(Items listed in a dataset)
_____

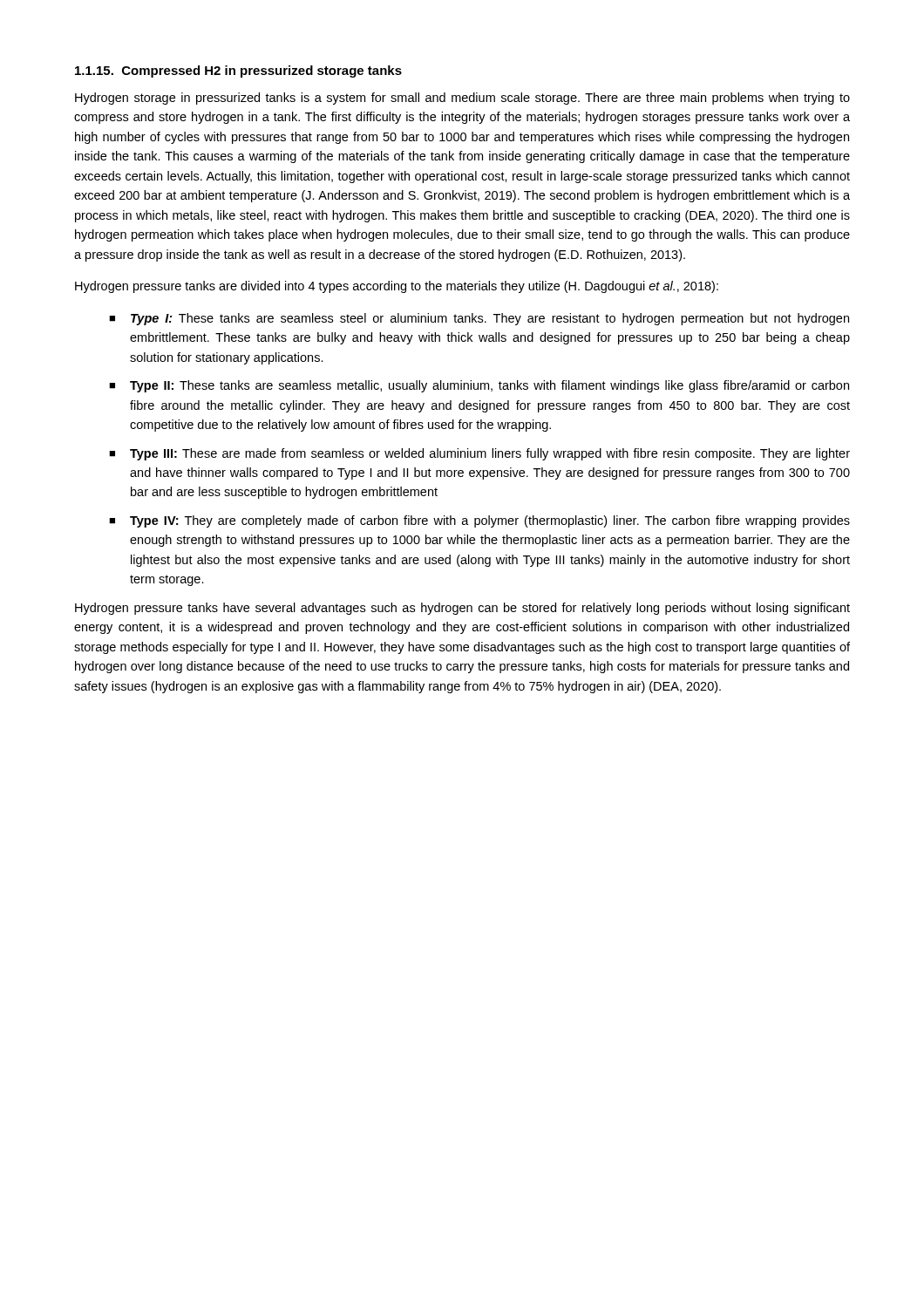Click on the passage starting "Hydrogen storage in pressurized tanks is a"
Screen dimensions: 1308x924
(462, 176)
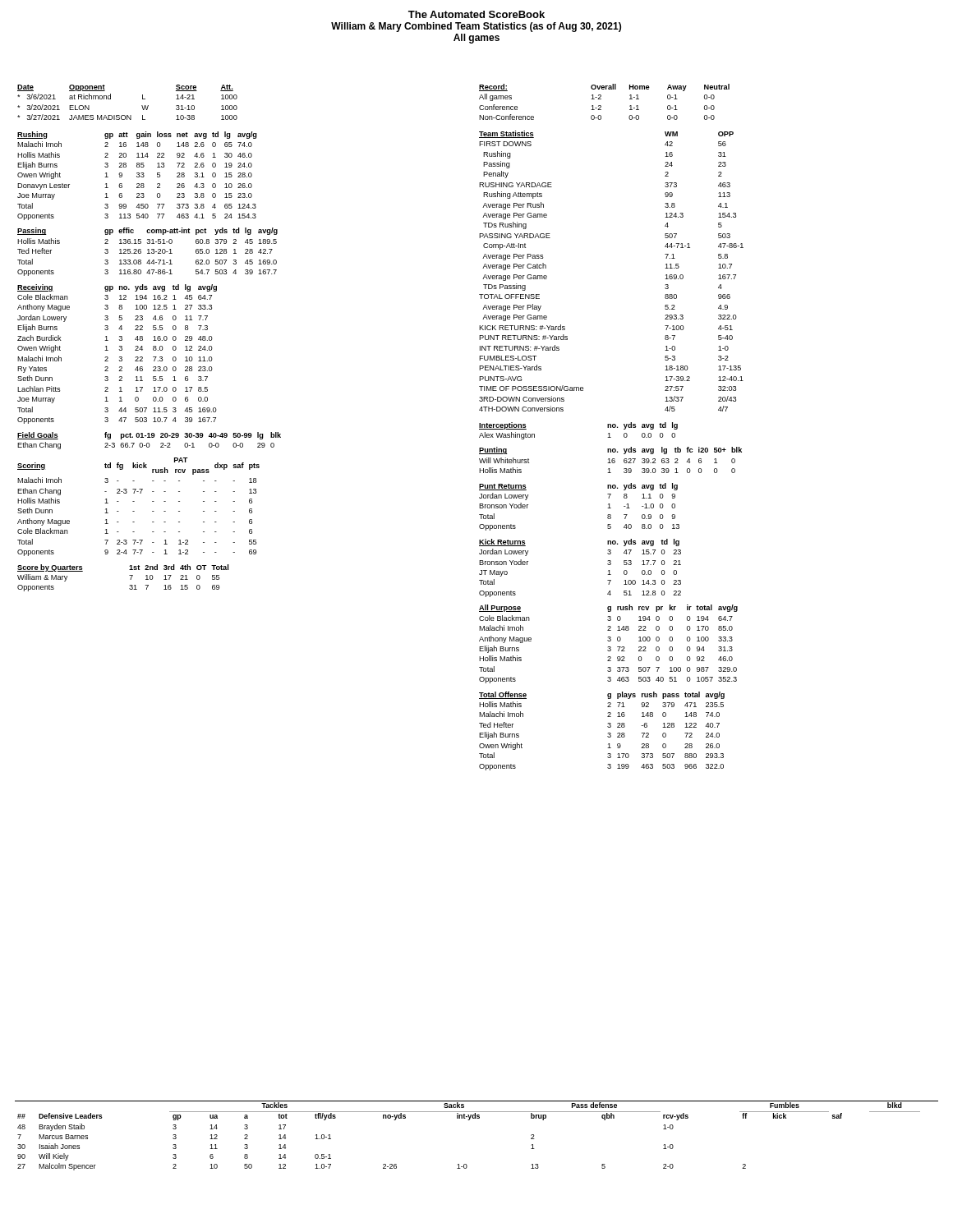Find the table that mentions "at Richmond"

point(232,103)
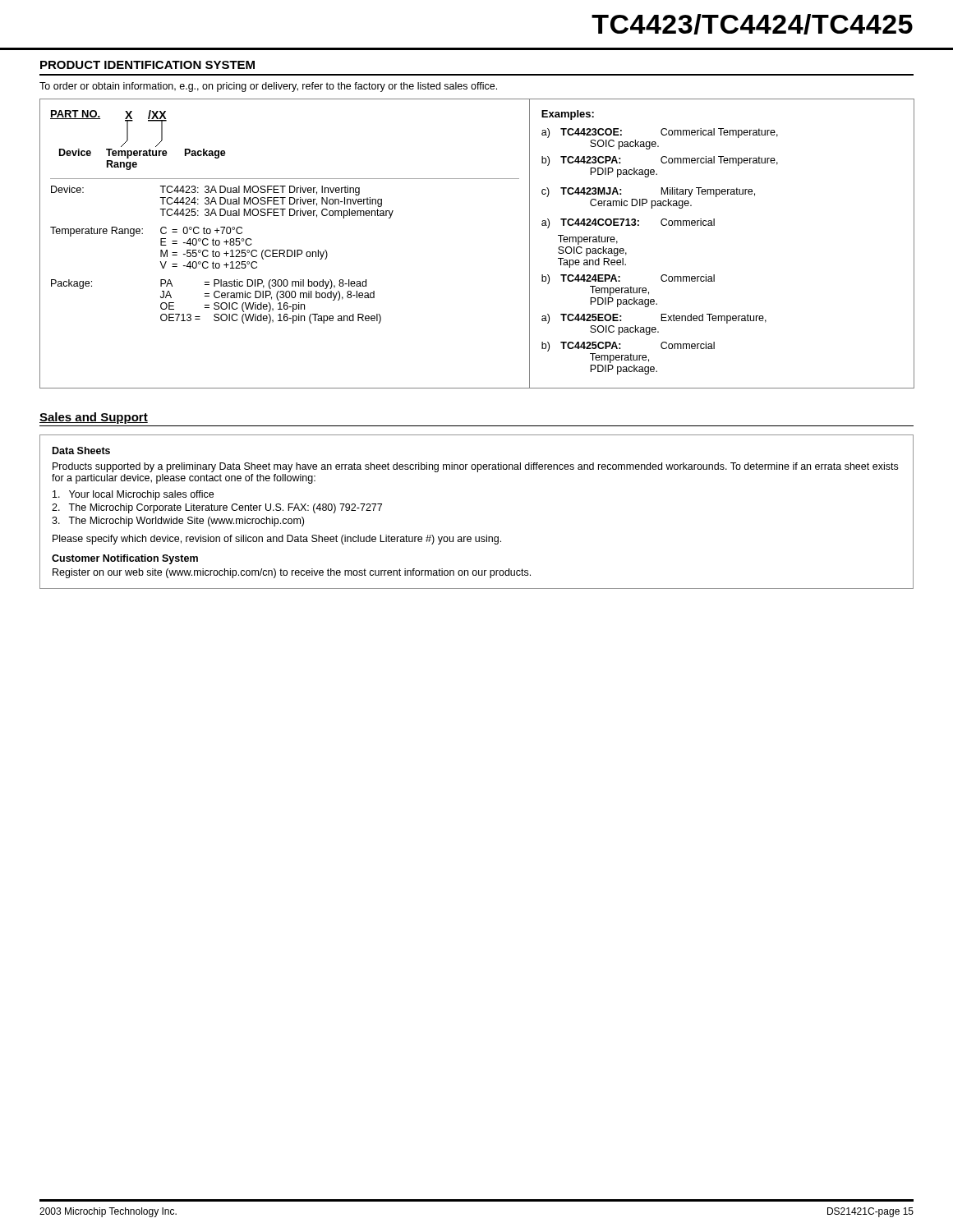
Task: Locate the text block that reads "To order or obtain information,"
Action: click(x=269, y=86)
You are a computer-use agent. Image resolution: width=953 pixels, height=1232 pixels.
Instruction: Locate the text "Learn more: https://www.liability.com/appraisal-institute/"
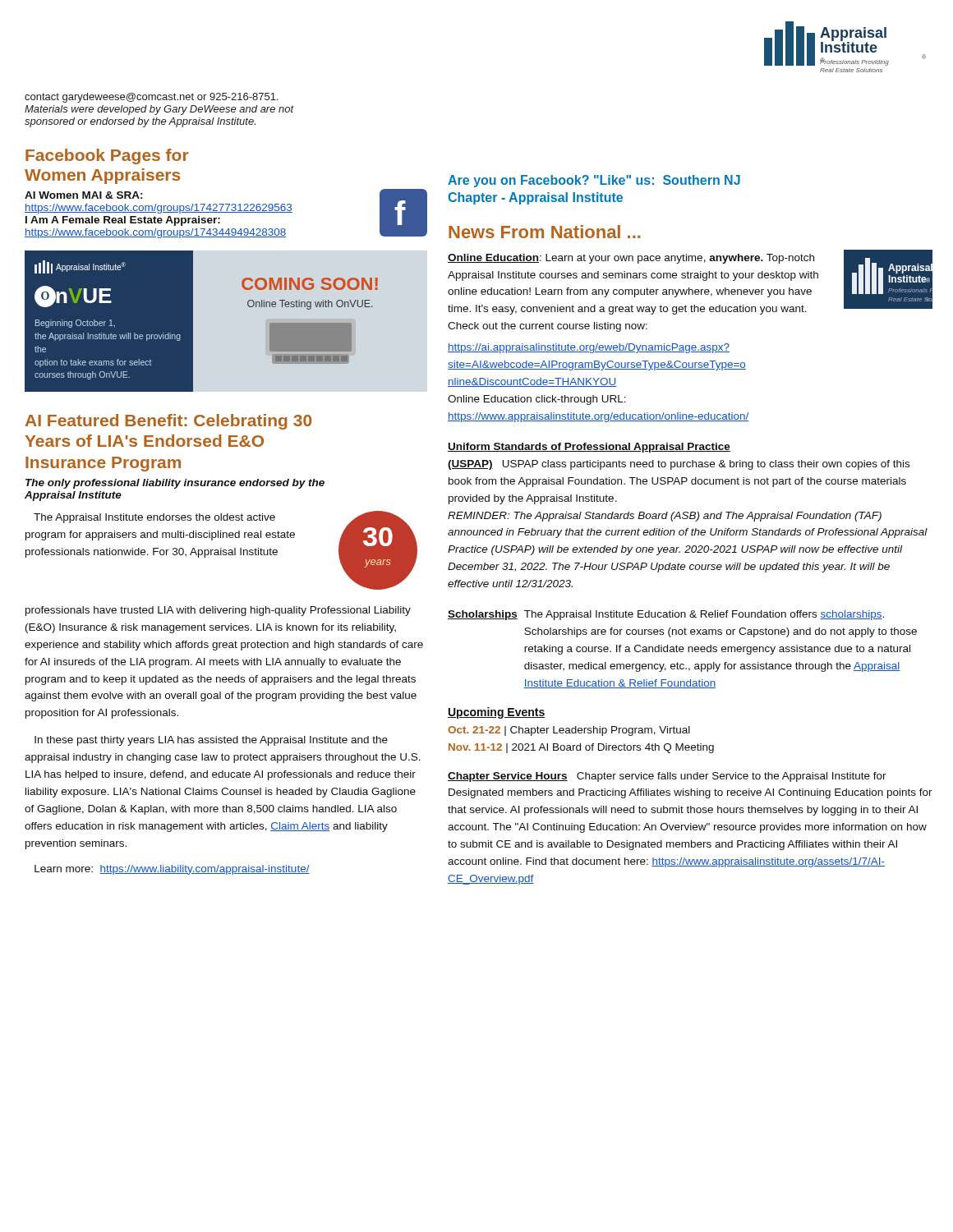click(167, 868)
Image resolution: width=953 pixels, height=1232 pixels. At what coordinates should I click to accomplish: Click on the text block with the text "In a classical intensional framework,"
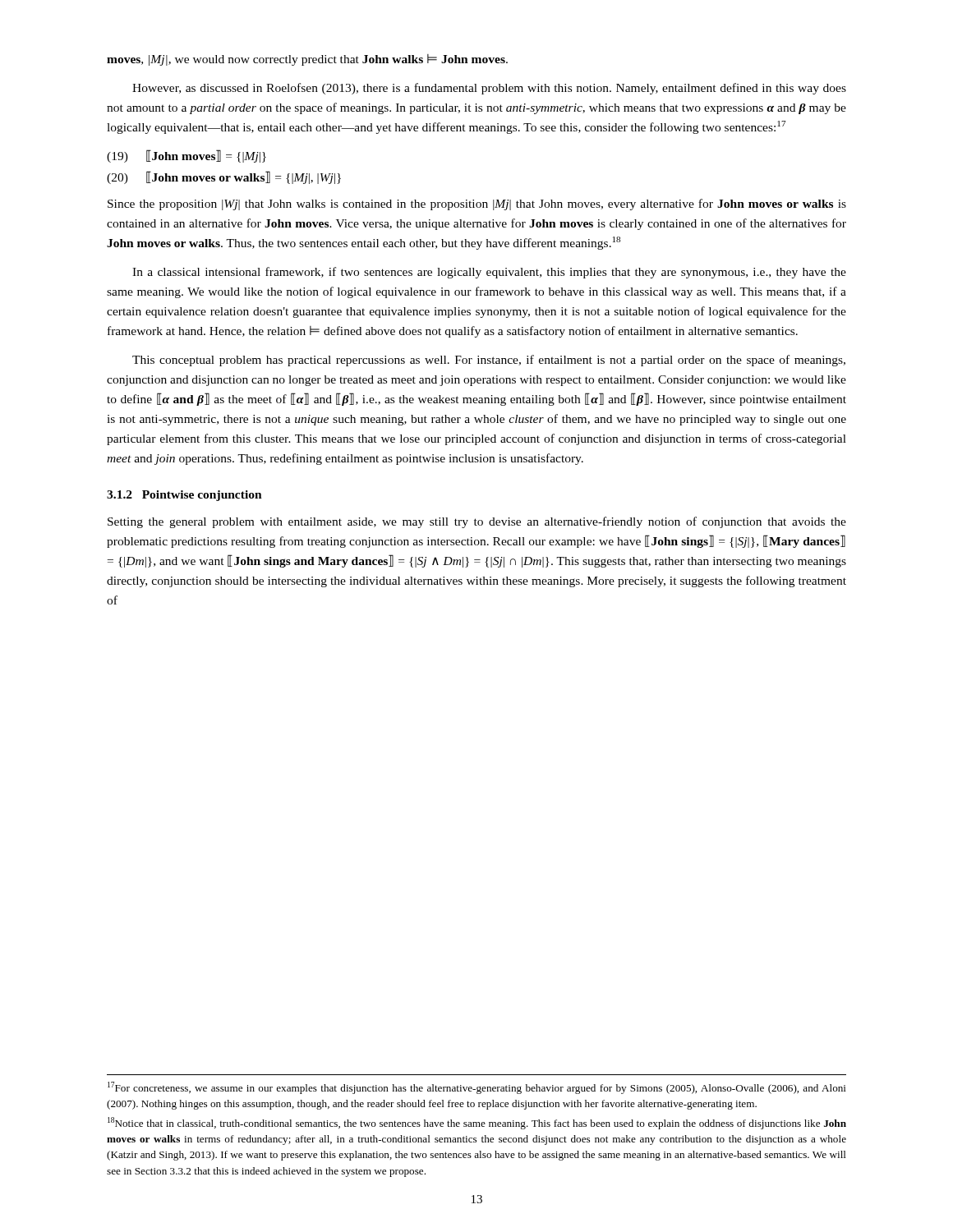pos(476,301)

_____

■ Exercise goal ■
Beginning with the line that contains "Image resolution: width=953 pixels, height=1232 pixels. At", output every line down to the last line of the entries above exactly as written, apart from the pictures.

■ Response area ■
Image resolution: width=953 pixels, height=1232 pixels. At what coordinates should I click to accomplish: Click on the text block with the text "In a classical intensional framework,"
pos(476,301)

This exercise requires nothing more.